A recente entrada em vigor do Estatuto dos Direitos dos Pacientes representa um avanço significativo na consolidação de garantias fundamentais no âmbito da saúde no Brasil. A norma fortalece princípios já consagrados pela Constituição Federal de 1988, especialmente no que se refere à dignidade da pessoa humana e ao direito à saúde, ampliando a autonomia dos pacientes e assegurando sua participação ativa nas decisões sobre o próprio tratamento.
1. A centralidade da autonomia do paciente
O novo estatuto reforça um dos pilares do direito médico contemporâneo: a autonomia do paciente. Trata-se do direito de decidir, de forma livre e informada, sobre intervenções médicas que afetem seu corpo e sua saúde.
Essa diretriz dialoga diretamente com o princípio da dignidade da pessoa humana (art. 1º, III, da Constituição) e com o direito à liberdade, impedindo que o paciente seja tratado como mero objeto de intervenção médica.
Nesse sentido, o profissional de saúde deixa de ocupar uma posição exclusivamente decisória e passa a atuar como orientador técnico, cabendo ao paciente a palavra final — desde que devidamente informado.
2. Direito à informação clara e adequada
Outro ponto central do estatuto é a garantia de acesso à informação clara, completa e compreensível. O paciente deve ser informado sobre:
Diagnóstico;
Prognóstico;
Riscos envolvidos;
Benefícios do tratamento;
Alternativas terapêuticas disponíveis.
Essa obrigação encontra respaldo no dever de informação previsto no Código de Defesa do Consumidor, aplicável às relações médico-paciente em determinadas circunstâncias, bem como nas normas éticas estabelecidas pelo Conselho Federal de Medicina.
A omissão ou insuficiência de informações pode caracterizar falha na prestação do serviço e gerar responsabilidade civil do profissional ou da instituição de saúde.
3. Consentimento livre e esclarecido
A partir dessas garantias, ganha ainda mais relevância o chamado “consentimento informado”. Trata-se da manifestação de vontade do paciente, após receber todas as informações necessárias.

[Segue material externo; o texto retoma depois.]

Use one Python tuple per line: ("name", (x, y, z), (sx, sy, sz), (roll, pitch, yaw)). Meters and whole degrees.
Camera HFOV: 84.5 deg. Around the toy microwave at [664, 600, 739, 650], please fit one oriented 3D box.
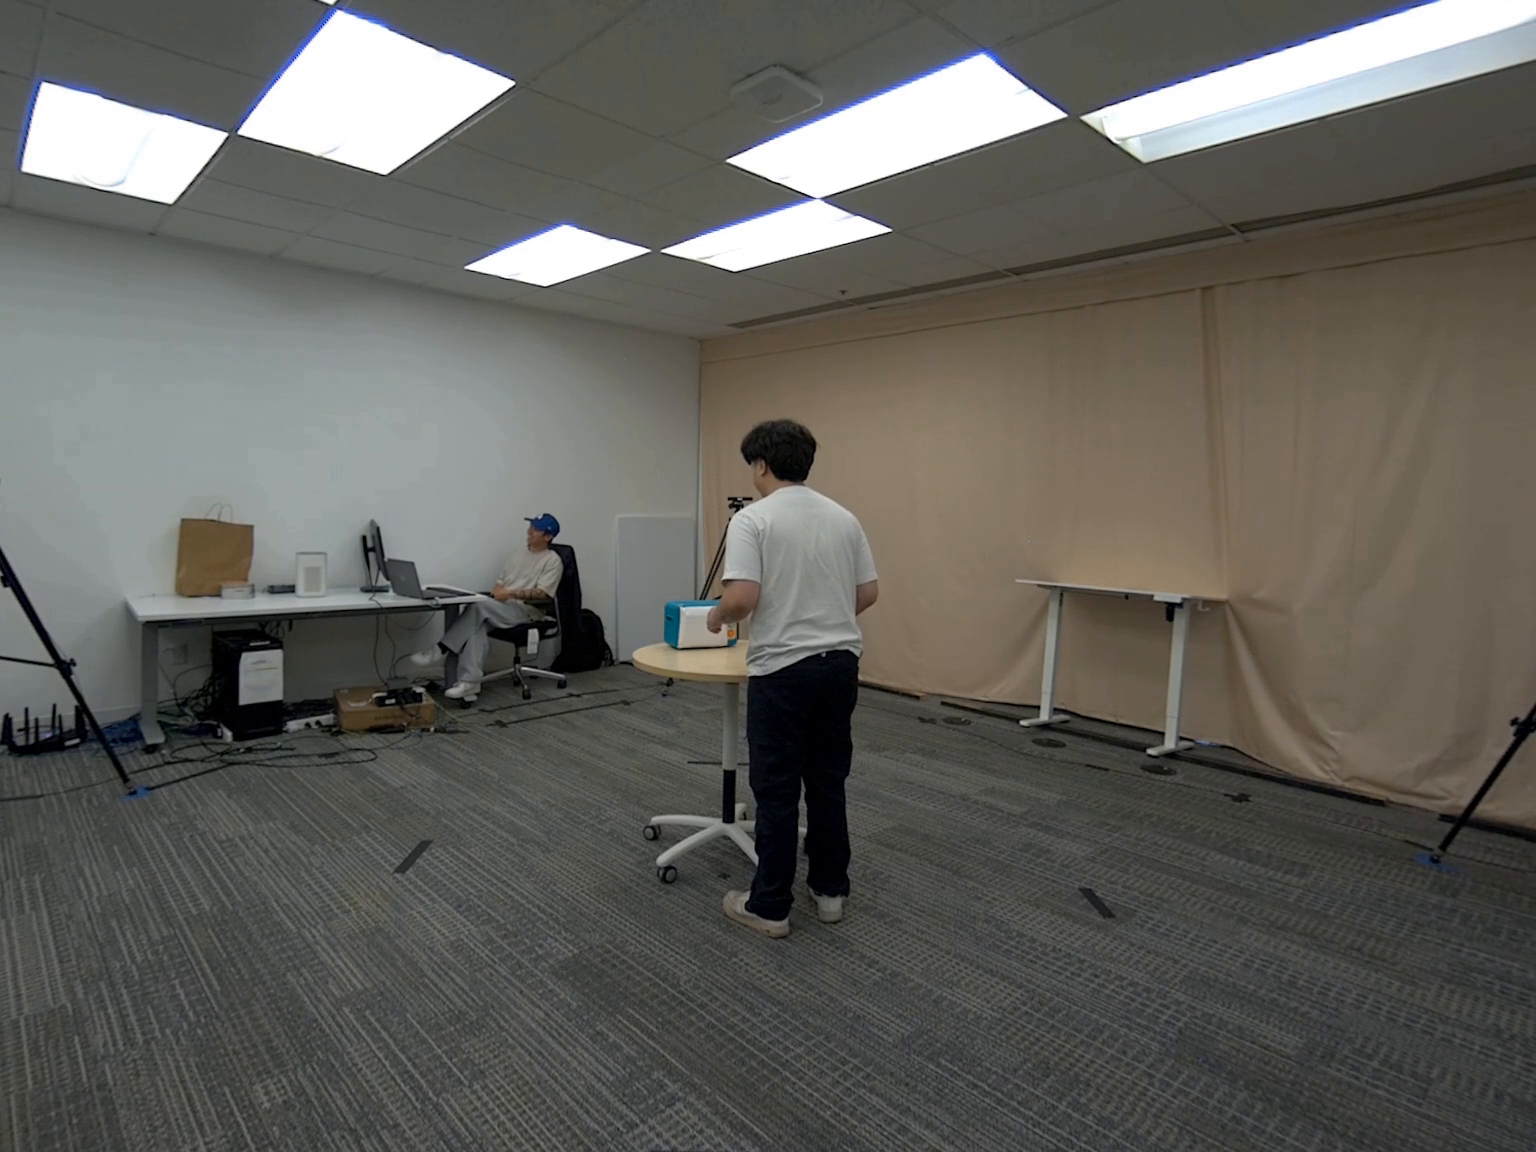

Sem esse consentimento, intervenções médicas podem ser consideradas ilícitas, salvo em situações excepcionais, como risco iminente de morte ou incapacidade do paciente de expressar sua vontade.
Importante destacar que o consentimento deve ser:
Livre de coerção;
Esclarecido (com base em informações adequadas);
Específico para cada procedimento.
4. Responsabilidade civil e implicações jurídicas
O fortalecimento desses direitos impacta diretamente a responsabilidade civil médica. A ausência de informação adequada ou a desconsideração da vontade do paciente pode resultar em:
Indenização por danos morais;
Indenização por danos materiais;
Eventual responsabilização ética e administrativa.
Em casos mais graves, dependendo da conduta, pode haver repercussão na esfera penal, especialmente quando há violação da integridade física ou da liberdade do paciente.
5. Impactos práticos para profissionais e instituições
Para médicos, clínicas e hospitais, o estatuto impõe a necessidade de revisão de protocolos internos, com destaque para:
Padronização de termos de consentimento;
Treinamento das equipes para comunicação clara;
Registro documental adequado das informações prestadas;
Respeito às decisões do paciente, inclusive recusas de tratamento.
A adoção dessas medidas não apenas reduz riscos jurídicos, mas também fortalece a relação de confiança entre paciente e profissional de saúde.
6. Considerações finais
O Estatuto dos Direitos dos Pacientes consolida uma mudança de paradigma: o paciente deixa de ser sujeito passivo e assume papel ativo nas decisões sobre sua saúde.
Mais do que uma inovação legislativa, trata-se de um avanço civilizatório, alinhado às melhores práticas internacionais e aos princípios constitucionais brasileiros.
A efetividade dessa norma, contudo, dependerá da sua correta aplicação no dia a dia das relações médico-paciente, exigindo conscientização, capacitação e responsabilidade de todos os envolvidos.